I had some success with a baseball analogy last week, so I’ll try another. If you wanted to measure the effectiveness of basketball coaches, wouldn’t you need to randomly distribute the players, and account for the variable quality of the rest of the staff, and the facilities? Of course you would. So, Phil Jackson should have as good a chance of guiding the Los Angeles Clippers to a championship as he did the Los Angeles Lakers.

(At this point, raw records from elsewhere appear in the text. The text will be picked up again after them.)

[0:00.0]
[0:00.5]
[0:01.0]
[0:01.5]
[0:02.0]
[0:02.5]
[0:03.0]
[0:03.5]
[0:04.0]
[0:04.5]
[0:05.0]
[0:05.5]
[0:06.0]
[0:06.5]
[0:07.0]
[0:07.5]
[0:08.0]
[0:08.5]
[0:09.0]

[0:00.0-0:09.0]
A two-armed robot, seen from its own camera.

Now, if we were to run win-loss records through the VAM data analysis in the same backwards fashion, consider the results. Do you think next year’s lineup would appear to affect this year’s record? Of course they would, and the reason is obvious: in most cases, there will be considerable overlap. You don’t start each year with an entirely new roster. However, in schools, you do start with a new roster. The report has this to say about the phantom future effect:
Inasmuch as a student’s later fifth grade teacher cannot possibly have influenced that student’s fourth grade performance, this curious result can only mean that students are systematically grouped into fifth grade classrooms based on their fourth grade performance. For example, students who do well in fourth grade may tend to be assigned to one fifth grade teacher while those who do poorly are assigned to another. The usefulness of value-added modeling requires the assumption that teachers whose performance is being compared have classrooms with students of similar ability (or that the analyst has been able to control statistically for all the relevant characteristics of students that differ across classrooms).

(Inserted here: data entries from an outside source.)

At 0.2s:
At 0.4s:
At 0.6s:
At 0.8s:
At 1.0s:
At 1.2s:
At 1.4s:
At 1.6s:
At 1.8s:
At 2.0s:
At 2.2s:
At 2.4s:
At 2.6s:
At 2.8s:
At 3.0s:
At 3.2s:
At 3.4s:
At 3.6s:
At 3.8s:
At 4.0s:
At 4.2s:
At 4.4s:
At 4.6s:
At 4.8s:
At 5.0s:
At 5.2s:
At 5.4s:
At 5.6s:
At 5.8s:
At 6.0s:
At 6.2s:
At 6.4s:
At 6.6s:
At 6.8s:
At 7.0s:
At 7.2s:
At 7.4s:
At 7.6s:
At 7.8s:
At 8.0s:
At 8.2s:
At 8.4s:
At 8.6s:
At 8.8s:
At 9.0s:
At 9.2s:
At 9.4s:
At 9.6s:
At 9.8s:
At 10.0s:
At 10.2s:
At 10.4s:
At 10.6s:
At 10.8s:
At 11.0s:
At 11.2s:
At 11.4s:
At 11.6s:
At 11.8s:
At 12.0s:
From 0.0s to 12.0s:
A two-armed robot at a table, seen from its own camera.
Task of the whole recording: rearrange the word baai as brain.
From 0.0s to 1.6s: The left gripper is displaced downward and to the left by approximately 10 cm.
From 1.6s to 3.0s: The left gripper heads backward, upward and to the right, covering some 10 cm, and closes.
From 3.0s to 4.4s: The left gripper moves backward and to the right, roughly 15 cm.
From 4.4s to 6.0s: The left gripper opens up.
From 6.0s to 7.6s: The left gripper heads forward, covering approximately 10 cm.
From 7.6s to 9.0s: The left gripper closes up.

On this point, it appears to me the EPI report authors could go even further in taking apart VAM. Consider the impossibility of ever identifying and controlling for “all” of the factors that could affect the data (especially dealing with samples as small as one class. Larger studies can claim to mute the effects of variables by working with large samples). Or, lower the bar from “all” to “enough” – and then tell me how you find “enough” without knowing how many there are in the first place. And in actuality, the proponents of VAM would need to account not only for the varying characteristics of students, but also the varying effects of combinations of students, the varying effects of classrooms themselves, and the varying effects of every relevant factor in the school that could affect the teacher, students, or classroom.

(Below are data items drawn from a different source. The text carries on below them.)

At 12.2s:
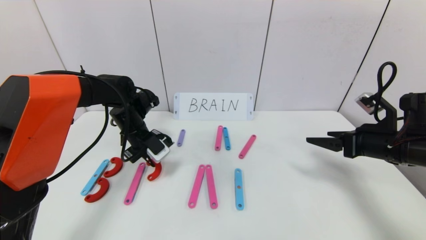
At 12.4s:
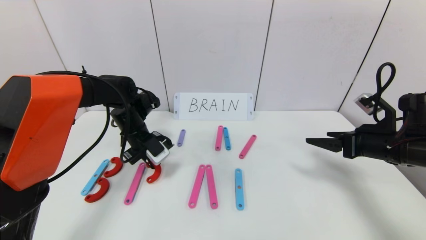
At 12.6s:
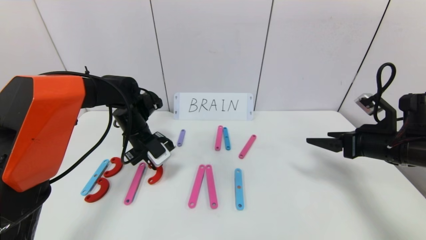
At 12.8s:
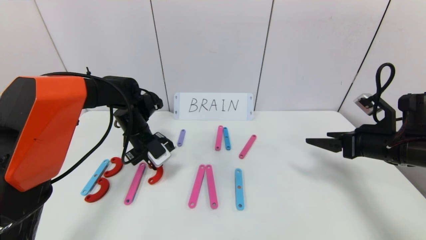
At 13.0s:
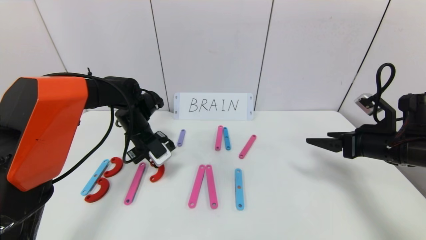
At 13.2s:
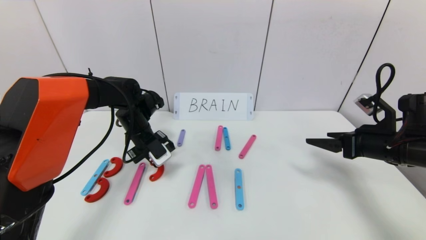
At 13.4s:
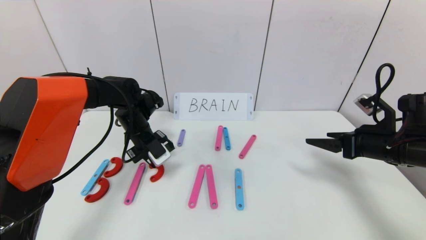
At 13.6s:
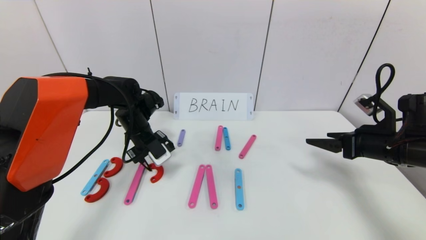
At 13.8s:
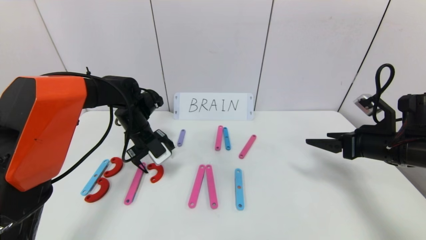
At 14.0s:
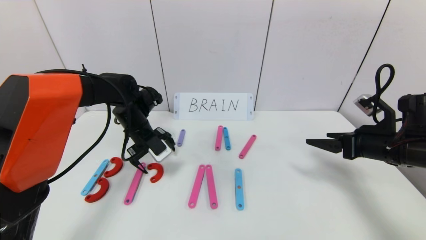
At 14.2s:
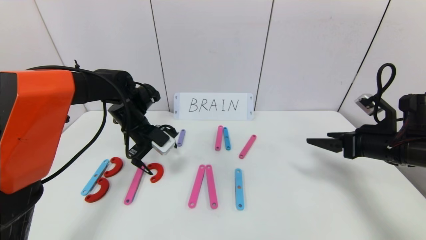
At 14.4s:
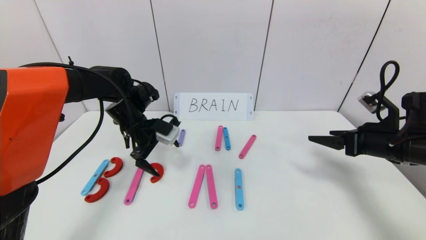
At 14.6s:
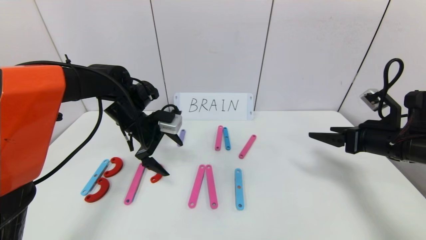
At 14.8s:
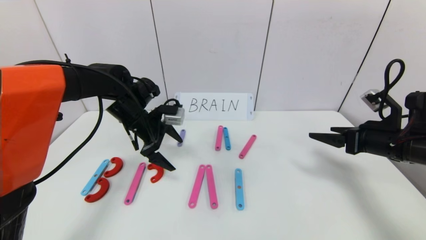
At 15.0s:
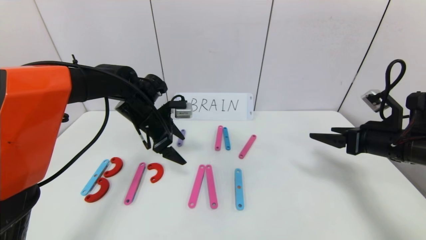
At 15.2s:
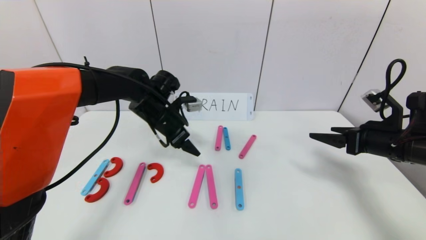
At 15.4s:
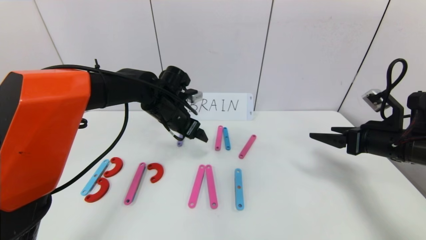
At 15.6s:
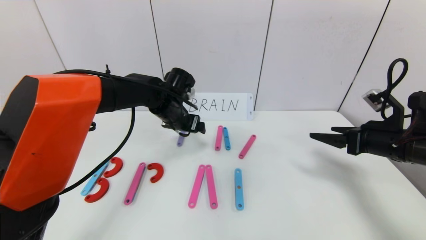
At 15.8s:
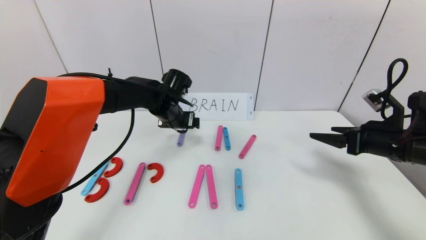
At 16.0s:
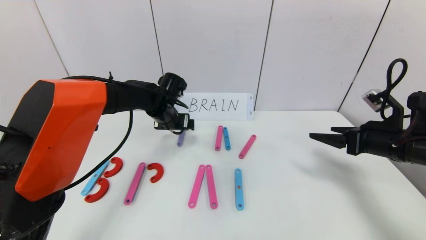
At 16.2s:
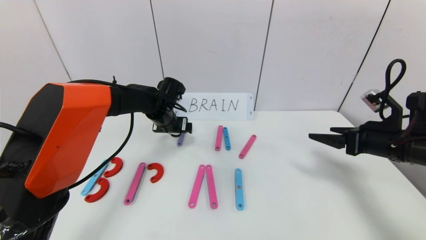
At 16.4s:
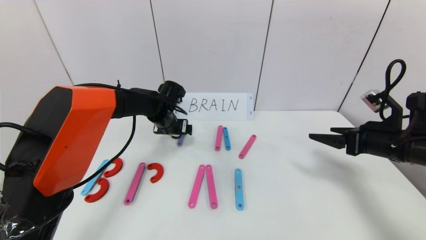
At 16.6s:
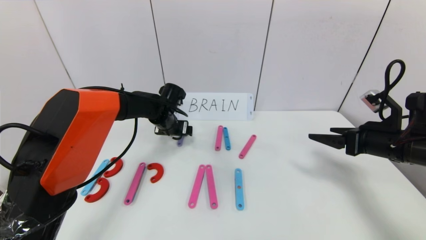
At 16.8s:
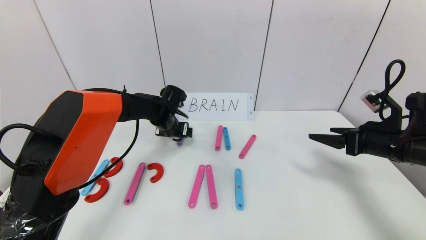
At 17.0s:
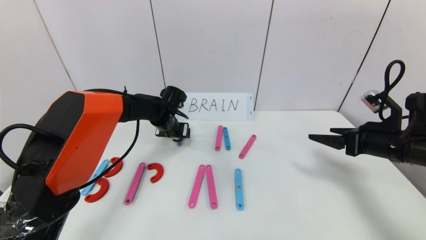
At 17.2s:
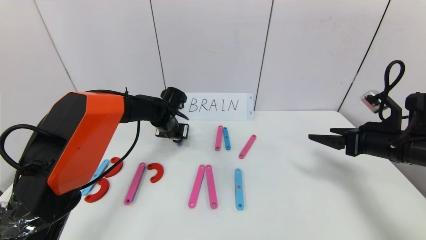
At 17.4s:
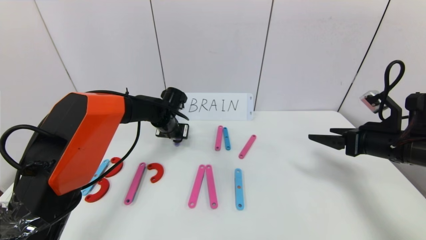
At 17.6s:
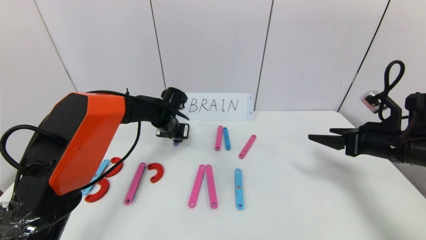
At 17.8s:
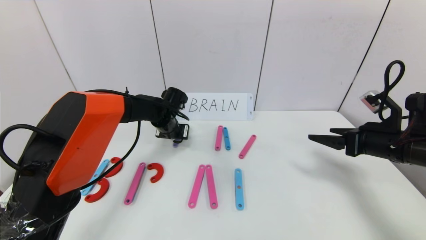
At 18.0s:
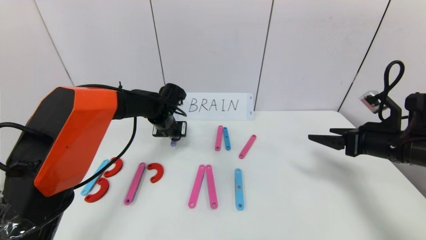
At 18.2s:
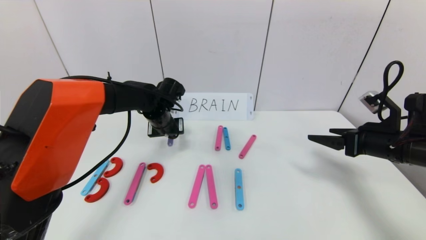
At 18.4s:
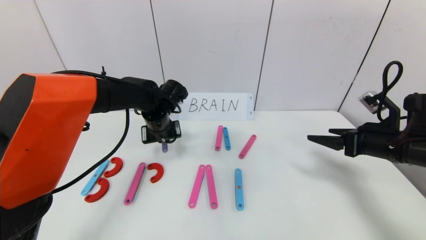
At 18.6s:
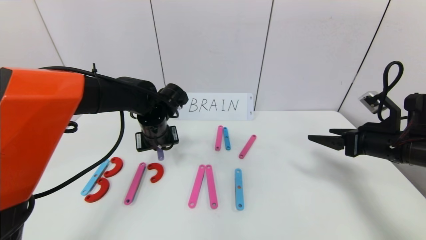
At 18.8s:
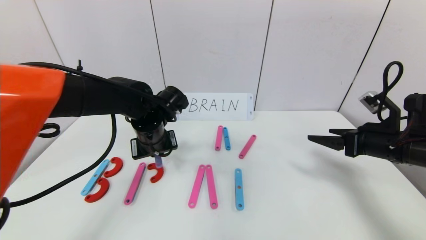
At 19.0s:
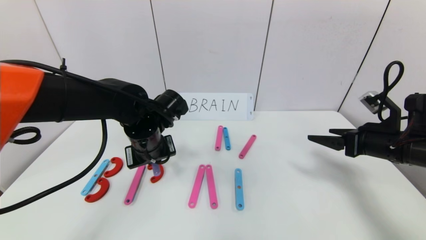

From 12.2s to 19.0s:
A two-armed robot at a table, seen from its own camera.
Task of the whole recording: rearrange the word baai as brain.
From 12.2s to 13.6s: The left gripper opens up.
From 13.6s to 15.0s: The left gripper shifts by approximately 5 cm, and opens its fingers.
From 15.0s to 16.2s: The left gripper shifts some 5 cm forward.
From 16.2s to 17.6s: The left gripper closes.
From 17.6s to 19.0s: The left gripper shifts some 15 cm backward and upward.

Meanwhile, more states are winning Race to the Top grants, and celebrating the opportunity to waste money on this misguided approach, as they ignore more cost-effective and proven ways to improve schools and support teachers and students. We lead the industrialized world in child poverty and poor health care, but by all means, lets pour hundreds of millions of dollars into voodoo methods to pick out the bad teachers and reward the good ones. The report authors conclude their executive summary with this sobering and entirely realistic assessment of the consequences if we continue down this path:
Adopting an invalid teacher evaluation system and tying it to rewards and sanctions is likely to lead to inaccurate personnel decisions and to demoralize teachers, causing talented teachers to avoid high-needs students and schools, or to leave the profession entirely, and discouraging potentially effective teachers from entering it. Legislatures should not mandate a test-based approach to teacher evaluation that is unproven and likely to harm not only teachers, but also the children they instruct.